The piano room was a mess yesterday with music strewn about. Two ’60-’70’s era Beatles albums were excavated from a pile of sheet music, hard bound theory texts, and Urtext editions of Beethoven’s sonatas.

Foraging a big carton of stuff like this was a trip down memory lane. My very old Yamaha guitar, a prized possession, was off to the side, propped against a book shelf. A 1974 model with magnificent resonance, it evoked memories of my one and only group classical guitar lesson at New York University with a South American virtuoso. On the very first day of class, he tried to teach one of the more difficult pieces in the flamenco repertoire. It was Rubira’s “Estudio,” later renamed “Spanish Romance.” (The performer in this video was not related to the instructor)

Within a few weeks, class enrollment had dwindled to three and quickly, I made it two. It reminded me of several Oberlin Senior Recitals at Kulas where one audience member was seated in the front row holding a musical score. (I recalled a New Yorker cartoon with the same theme)

The NYU guitar teacher like many other music instructors I’d encountered needed a reality check. Half the students in his class had never read a note, but they expected to play guitar “in a flash.” Generations that followed were tapping iPhones and game boys with guitar tab charts and animated keyboards. It was an espresso learning revolution!
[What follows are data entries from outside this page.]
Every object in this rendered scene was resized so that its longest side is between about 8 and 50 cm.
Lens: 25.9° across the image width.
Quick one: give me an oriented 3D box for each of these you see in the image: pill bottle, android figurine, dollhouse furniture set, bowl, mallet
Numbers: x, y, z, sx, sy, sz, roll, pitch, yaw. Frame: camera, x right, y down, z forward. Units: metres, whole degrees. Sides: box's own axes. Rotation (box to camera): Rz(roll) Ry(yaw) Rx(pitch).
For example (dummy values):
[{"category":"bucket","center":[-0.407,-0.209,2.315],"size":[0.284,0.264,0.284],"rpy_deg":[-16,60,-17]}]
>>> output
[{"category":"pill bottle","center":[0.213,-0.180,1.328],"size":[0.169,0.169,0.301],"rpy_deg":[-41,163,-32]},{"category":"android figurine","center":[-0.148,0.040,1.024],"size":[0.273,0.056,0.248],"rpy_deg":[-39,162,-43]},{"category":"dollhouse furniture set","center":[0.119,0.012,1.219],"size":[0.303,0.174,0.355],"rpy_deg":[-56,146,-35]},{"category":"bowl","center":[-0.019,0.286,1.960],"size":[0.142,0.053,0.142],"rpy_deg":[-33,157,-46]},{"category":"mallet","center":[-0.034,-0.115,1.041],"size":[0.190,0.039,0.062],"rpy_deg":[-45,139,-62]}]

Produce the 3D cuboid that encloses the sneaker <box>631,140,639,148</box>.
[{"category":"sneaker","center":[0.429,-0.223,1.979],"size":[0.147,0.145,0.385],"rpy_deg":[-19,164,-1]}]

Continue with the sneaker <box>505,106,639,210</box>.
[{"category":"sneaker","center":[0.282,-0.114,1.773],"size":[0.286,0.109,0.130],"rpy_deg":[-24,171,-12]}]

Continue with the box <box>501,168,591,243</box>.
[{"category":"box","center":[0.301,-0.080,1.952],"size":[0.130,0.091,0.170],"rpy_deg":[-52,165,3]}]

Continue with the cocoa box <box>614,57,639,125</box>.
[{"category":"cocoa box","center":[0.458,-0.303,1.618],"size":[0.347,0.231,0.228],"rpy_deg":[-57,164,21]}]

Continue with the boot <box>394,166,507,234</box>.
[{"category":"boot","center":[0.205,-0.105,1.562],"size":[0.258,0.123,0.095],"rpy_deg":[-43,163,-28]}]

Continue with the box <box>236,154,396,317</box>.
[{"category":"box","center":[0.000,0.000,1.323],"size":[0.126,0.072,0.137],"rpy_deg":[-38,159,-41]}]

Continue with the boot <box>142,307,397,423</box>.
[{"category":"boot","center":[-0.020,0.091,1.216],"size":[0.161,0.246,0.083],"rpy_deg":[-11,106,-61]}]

My sixteen year old student, Allyse was an anachronism in her approach to piano study. A fledgling, she went with the program, played scales and arpeggios around the Circle of Fifths, and studied the Baroque Masters as an entree to sampling Classical and Romantic literature. No short cuts for her.

Just the same, she drove a hard bargain, insisting the Beatles went with the territory somewhere along the time line.(Allyse had already niftily tackled Five for Fighting, “100 Years,” and Taylor Swift’s “Forever and Always”) She had me enslaved to these pieces, as I sifted through practical fingerings and labeled harmonic progressions. But the prep work jump started a two way roller coaster ride through the contemporary pop music landscape.
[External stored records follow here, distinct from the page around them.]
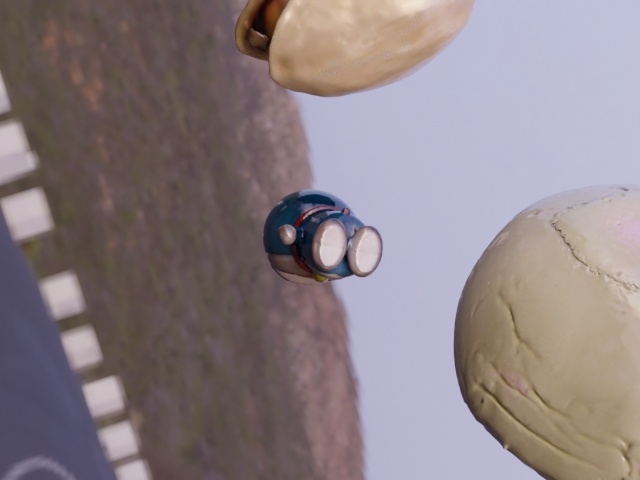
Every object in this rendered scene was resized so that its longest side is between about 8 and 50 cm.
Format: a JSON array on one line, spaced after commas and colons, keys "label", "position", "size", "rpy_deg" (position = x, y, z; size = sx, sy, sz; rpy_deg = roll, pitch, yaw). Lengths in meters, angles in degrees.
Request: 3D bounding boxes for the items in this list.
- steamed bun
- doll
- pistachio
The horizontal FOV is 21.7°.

With bristling enthusiasm, I indulged Allyse’s Beatles’ request. In truth, I had a vicarious interest in reading through reams of my favorite songs besides pumping out Scarlatti sonatas on You Tube. I loved “Eight Days a Week,” “Hey Jude,” “Lucy in the Sky with Diamonds,” “Michelle,” “Yesterday” and the tour de force, Gospel style, “Let it Be!” Ralph Cato, US Olympic Boxing coach and former student, could have put me through the paces on that one. (*”Cato, His Killer Keyboard and a Round of Piano Lessons”) No one could pound the piano the way he did.

Allyse had lobbied to study “Let it Be!” with her new found confidence flying high. Just one week into our practicing, we had divided the parts at two pianos and did some public jamming–at least a snatch.
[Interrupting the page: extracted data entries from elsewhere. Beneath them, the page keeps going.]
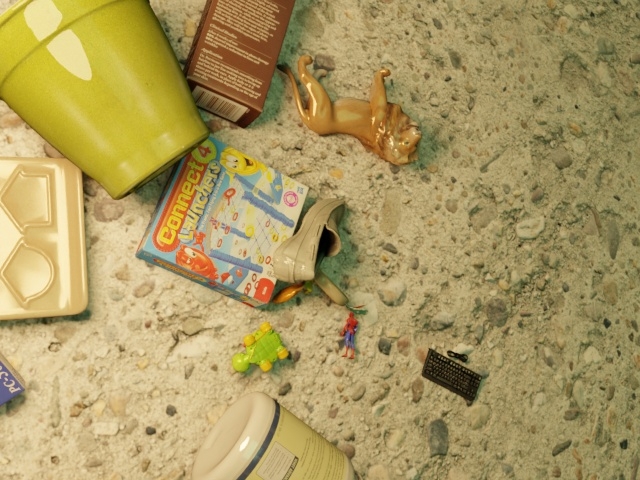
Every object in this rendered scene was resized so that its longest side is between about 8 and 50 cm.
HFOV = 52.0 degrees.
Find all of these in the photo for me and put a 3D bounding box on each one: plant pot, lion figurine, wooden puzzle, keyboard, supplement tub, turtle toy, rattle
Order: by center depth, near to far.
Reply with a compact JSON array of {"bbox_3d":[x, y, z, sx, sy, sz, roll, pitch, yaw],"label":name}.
[{"bbox_3d":[-0.643,-0.003,1.277,0.347,0.080,0.322,-3,80,-23],"label":"wooden puzzle"},{"bbox_3d":[-0.411,-0.284,1.292,0.366,0.366,0.353,-41,102,-27],"label":"plant pot"},{"bbox_3d":[-0.077,0.496,1.366,0.325,0.235,0.235,41,65,-14],"label":"supplement tub"},{"bbox_3d":[-0.142,0.249,1.480,0.130,0.066,0.095,-34,96,-28],"label":"turtle toy"},{"bbox_3d":[0.008,0.155,1.576,0.143,0.130,0.200,-53,131,-14],"label":"rattle"},{"bbox_3d":[0.074,-0.324,1.687,0.392,0.142,0.240,4,85,-12],"label":"lion figurine"},{"bbox_3d":[0.353,0.342,1.737,0.180,0.023,0.108,30,68,-20],"label":"keyboard"}]

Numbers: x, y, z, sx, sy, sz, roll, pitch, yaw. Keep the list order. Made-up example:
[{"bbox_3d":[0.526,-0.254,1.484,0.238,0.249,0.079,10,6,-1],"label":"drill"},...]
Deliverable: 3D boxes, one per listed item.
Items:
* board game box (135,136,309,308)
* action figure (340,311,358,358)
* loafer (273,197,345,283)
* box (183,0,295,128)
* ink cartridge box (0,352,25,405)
[{"bbox_3d":[-0.215,-0.046,1.492,0.302,0.086,0.308,26,69,-21],"label":"board game box"},{"bbox_3d":[0.071,0.232,1.613,0.038,0.030,0.115,20,66,-28],"label":"action figure"},{"bbox_3d":[0.000,0.000,1.528,0.319,0.111,0.112,-54,149,-49],"label":"loafer"},{"bbox_3d":[-0.196,-0.484,1.565,0.191,0.143,0.381,22,72,-21],"label":"box"},{"bbox_3d":[-0.644,0.219,1.199,0.097,0.046,0.207,-35,114,-13],"label":"ink cartridge box"}]

Our musical encounter was a peak experience!

This Saturday Allyse will come back down to earth playing her Baroque Rondeau at the Music Teachers Association’s Celebration Festival. An assigned adjudicator will evaluate each student’s performance and send them off, in any case, with a handsome medallion and Certificate.

Those who earn a Superior rating will play in one of the marathon Honors recitals taking place over two days.

If Allyse is not a marathoner, she’ll still race home to practice the right hand part of “Let it Be!” We have a re-run scheduled for next week. It should be a blast!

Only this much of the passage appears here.